Former Riverside County Supervisor Bob Buster supports that bill, but also wants greater local oversight of freight trains.

“I think we have to have local eyes on this issue constantly,” said Buster, who was motivated by the incident in Perris last summer to write to the Board of Supervisors about his concerns.

There also needs to be “a regular independent inspector to come in and make sure that these specific (train) loads don’t overheat,” Buster added.

While the trillion-dollar federal infrastructure bill signed by President Joe Biden in 2021 will address much-needed railroad improvements, “by the time it gets implemented and the dollars are allocated, maybe 20 cents on the dollar, if that” will make it to infrastructure projects, Vyas said.

“So we certainly have areas of improvement in terms of improving our infrastructure, improving our technology, improving our capability to enhance the safety standards.”

In the wake of the August leak, Perris has taken “expansive looks” at its emergency management plan to shift more money to its emergency operations center, Perris Mayor Michael Vargas said via a text message.

“With these new processes in place, combined with the leadership of our public safety teams, we are confident in our ability to respond to situations of this caliber in the future,” the mayor wrote.

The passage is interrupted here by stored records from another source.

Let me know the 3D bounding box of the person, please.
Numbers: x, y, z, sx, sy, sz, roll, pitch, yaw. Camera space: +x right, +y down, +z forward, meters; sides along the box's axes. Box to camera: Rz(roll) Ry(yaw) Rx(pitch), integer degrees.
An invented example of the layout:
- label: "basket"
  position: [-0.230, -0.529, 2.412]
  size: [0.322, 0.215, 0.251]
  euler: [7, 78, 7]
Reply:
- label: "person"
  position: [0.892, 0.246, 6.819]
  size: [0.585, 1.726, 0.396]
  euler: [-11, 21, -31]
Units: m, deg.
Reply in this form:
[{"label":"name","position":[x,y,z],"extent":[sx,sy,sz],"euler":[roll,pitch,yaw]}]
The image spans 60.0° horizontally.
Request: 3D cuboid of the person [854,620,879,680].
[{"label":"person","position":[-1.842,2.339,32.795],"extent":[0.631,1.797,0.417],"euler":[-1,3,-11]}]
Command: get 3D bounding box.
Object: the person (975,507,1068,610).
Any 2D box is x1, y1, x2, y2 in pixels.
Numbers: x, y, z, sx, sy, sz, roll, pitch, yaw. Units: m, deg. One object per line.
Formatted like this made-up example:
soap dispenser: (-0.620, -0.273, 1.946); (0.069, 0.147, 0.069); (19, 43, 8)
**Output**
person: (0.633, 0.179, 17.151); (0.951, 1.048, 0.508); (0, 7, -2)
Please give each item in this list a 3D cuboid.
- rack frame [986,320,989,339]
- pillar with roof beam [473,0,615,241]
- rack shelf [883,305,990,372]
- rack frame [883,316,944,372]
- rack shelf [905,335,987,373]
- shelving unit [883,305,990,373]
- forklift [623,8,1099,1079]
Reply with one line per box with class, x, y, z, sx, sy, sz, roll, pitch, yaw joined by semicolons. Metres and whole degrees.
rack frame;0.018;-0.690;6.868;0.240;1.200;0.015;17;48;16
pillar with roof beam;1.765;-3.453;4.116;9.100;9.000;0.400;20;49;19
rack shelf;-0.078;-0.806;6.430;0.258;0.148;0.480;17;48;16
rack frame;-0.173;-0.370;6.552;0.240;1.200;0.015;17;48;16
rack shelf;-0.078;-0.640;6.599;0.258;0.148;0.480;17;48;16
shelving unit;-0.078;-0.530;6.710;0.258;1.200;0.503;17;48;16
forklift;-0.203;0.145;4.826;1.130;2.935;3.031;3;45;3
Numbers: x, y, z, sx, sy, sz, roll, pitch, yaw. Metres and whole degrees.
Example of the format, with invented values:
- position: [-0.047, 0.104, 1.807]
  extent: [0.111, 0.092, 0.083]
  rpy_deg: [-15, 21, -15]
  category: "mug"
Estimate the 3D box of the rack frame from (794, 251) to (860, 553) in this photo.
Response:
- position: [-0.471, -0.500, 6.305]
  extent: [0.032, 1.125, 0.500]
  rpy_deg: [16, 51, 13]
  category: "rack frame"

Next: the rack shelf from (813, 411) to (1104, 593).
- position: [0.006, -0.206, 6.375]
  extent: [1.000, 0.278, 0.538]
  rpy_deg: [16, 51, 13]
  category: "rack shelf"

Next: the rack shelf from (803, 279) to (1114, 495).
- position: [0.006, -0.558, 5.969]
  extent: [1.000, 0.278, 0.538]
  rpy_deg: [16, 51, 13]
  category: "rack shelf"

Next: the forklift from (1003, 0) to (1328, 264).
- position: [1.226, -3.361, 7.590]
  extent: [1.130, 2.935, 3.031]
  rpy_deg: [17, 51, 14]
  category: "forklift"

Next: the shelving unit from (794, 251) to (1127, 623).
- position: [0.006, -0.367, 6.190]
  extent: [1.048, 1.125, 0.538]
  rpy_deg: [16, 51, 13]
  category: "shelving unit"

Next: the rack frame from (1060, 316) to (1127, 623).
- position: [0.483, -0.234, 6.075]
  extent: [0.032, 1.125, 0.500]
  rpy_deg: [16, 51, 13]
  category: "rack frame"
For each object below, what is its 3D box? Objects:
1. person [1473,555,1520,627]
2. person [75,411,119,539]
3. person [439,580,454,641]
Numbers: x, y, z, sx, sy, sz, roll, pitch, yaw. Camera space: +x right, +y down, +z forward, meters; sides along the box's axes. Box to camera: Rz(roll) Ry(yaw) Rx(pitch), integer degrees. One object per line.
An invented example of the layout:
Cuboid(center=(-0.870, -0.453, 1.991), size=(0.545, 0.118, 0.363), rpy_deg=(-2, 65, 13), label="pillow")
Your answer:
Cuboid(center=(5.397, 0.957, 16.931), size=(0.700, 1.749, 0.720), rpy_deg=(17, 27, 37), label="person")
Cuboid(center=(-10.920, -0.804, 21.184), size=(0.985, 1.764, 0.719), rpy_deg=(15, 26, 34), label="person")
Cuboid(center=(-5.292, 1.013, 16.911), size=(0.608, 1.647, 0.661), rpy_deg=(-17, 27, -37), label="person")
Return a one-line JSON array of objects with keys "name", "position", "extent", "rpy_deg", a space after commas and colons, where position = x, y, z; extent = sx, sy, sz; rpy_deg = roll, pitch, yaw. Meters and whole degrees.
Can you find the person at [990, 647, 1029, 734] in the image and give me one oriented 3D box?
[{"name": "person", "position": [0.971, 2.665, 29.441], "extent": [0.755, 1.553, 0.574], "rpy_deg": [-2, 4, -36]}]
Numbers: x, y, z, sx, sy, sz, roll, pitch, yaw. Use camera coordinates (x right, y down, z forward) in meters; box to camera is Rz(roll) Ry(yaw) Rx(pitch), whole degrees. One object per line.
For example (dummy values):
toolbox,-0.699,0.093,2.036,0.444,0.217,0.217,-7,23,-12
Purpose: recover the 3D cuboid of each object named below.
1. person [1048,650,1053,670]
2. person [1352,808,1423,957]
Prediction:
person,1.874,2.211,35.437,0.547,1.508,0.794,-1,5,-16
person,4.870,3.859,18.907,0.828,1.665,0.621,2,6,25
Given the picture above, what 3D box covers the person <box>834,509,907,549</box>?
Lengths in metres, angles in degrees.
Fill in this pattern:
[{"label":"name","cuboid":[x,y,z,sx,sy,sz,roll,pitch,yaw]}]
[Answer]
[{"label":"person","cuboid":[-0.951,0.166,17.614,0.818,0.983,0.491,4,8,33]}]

California’s handling of wildfires plays a role in how it responds to train accidents, said Mark Scoville, Cal Fire/Riverside County Fire Department battalion chief.

Wildfire “incident management teams” can be used for train incidents by assembling key players like chemical experts, environmental scientists and railcar experts, said Scoville, who was the operations chief for the train chemical leak in August.

“That’s the biggest thing that needs to happen in any dynamic incident” like a derailment, Scoville said. “We put together the right team (and) the right people to come up with a (solution).”

When the leak happened, “the chemical company was very close-handed about what we were dealing with” and its volatility, Scoville said. “Once we got the EPA involved … they gave it up.”

While BNSF hailed the railcar, another company owned it and a third company owned the styrene.

As for Aguayo, she remains nervous about what could happen if toxic chemicals escape a rail car.

“My family, my mom thinks about that constantly in terms of what could be done to prevent that or what we should do,” she said. “Trains need more oversight … I think that we really should stop putting trains closer to people’s homes for once.”